Attention to muscle insertions resulted in the rediscovery of treatment zones that had been long understood by the medical systems in all of the cultural groups, and descriptively demonstrated as important zones. As a result of study and involvement with acupuncture systems, which have consistently described the same points on the body over very long periods of observation, it could be determined that these points very frequently correlate directly with muscle insertions. The very same points are familiar to neural therapy as myofascial maximal points or trigger points. In a similar way, meridians can be described in terms of the muscular chain functions as muscle meridians. (The first antecedents in academic medicine are described as Head’s reflex zones).

Myoreflex Therapy primarily treats muscle insertions in their functional relationships and kinetic chains. Touch stimuli are perceived more intensively at these sites; thus, even a slight increase in pressure can lead to a sense of pain with radiation to distant sites similar to referred pain. On palpation, one can often detect painful areas of hardening, myogelosis, and connective tissue swelling. One finds hypertonicity in the affected muscles.

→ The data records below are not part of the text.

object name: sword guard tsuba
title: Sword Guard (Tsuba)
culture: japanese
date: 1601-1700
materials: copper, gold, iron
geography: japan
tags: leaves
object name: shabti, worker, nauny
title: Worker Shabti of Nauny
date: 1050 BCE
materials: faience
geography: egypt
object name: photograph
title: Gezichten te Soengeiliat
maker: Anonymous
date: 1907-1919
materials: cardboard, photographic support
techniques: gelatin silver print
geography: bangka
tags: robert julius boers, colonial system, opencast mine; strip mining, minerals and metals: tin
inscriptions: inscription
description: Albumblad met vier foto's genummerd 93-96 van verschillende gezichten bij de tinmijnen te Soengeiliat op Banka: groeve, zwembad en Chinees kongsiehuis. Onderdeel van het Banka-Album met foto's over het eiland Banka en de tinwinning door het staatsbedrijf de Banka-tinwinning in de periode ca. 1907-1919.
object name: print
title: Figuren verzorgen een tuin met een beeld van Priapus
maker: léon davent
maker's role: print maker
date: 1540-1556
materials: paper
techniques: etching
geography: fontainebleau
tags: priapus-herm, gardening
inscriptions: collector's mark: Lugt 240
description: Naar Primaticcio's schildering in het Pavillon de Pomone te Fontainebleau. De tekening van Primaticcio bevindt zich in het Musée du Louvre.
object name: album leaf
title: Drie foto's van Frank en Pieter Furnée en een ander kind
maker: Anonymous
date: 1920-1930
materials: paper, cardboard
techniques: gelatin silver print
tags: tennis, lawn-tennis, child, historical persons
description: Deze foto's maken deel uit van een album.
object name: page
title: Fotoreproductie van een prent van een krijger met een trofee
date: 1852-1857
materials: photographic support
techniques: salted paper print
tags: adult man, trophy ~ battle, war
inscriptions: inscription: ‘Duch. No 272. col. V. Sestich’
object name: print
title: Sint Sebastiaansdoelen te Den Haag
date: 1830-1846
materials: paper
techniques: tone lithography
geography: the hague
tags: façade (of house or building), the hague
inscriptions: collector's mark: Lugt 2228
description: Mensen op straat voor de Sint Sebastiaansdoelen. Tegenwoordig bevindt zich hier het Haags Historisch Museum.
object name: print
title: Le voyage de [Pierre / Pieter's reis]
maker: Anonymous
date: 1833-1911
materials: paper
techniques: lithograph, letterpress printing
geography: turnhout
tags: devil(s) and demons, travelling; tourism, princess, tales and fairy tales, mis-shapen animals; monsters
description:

After accurate palpation and targeted pressure point stimulation of such points, the palpable abnormalities resolve after a brief time period (from seconds to a few minutes). Gradual manual increase in pressure at the muscle-tendon-bone junction sets off neuromuscular and connective tissue reactions. It is very clear that the elevated resting tone of the affected muscles begins to fall spontaneously.

Myoreflex Therapy involves the immediate resolution of excessive resting tension in muscles/muscular systems and thus, the unburdening of joints and soft tissue structures. Readjustment stimuli let the body engage in the appropriate regulation to restore the properly functioning pain-free anatomic configuration of the locomotor system. This is associated with the alleviation of the wide-ranging symptoms that can result from muscle-induced symmetry disturbances and chronic inappropriate strains. In addition to postural asymmetry and chronic pain conditions, these symptoms may include diverse effects on the autonomic nervous system, including sleep disturbances and generalized anxiety, among others.